Items listed in a dataset:
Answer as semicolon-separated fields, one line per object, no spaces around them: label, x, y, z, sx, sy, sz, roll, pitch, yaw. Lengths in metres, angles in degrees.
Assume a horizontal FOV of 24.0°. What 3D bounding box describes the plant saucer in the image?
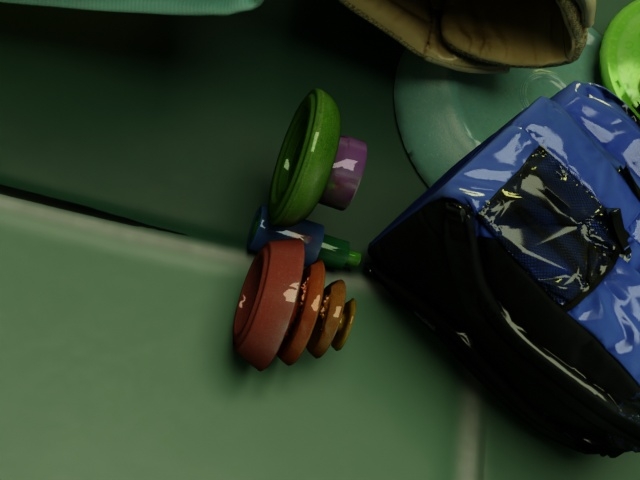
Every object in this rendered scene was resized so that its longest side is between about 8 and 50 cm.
plant saucer;0.089;-0.054;0.618;0.119;0.021;0.119;8;65;-17

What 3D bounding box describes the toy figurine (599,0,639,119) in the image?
toy figurine;0.195;-0.052;0.546;0.130;0.159;0.173;-28;80;-22

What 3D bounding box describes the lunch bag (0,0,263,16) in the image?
lunch bag;-0.141;-0.203;0.521;0.262;0.160;0.223;0;66;2

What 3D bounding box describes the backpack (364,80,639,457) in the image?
backpack;0.096;0.012;0.540;0.101;0.098;0.120;-42;90;-16

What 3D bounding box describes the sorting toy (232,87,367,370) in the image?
sorting toy;0.000;0.000;0.540;0.042;0.061;0.102;17;85;-12

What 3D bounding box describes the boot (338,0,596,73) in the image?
boot;0.106;-0.154;0.613;0.262;0.095;0.204;18;60;-28

#### [Work task]
Copy out exactly the lines between the line with "What 3D bounding box describes the boot" and the last line of the entries, counting both of those lines.

#### [Solution to this exercise]
What 3D bounding box describes the boot (338,0,596,73) in the image?
boot;0.106;-0.154;0.613;0.262;0.095;0.204;18;60;-28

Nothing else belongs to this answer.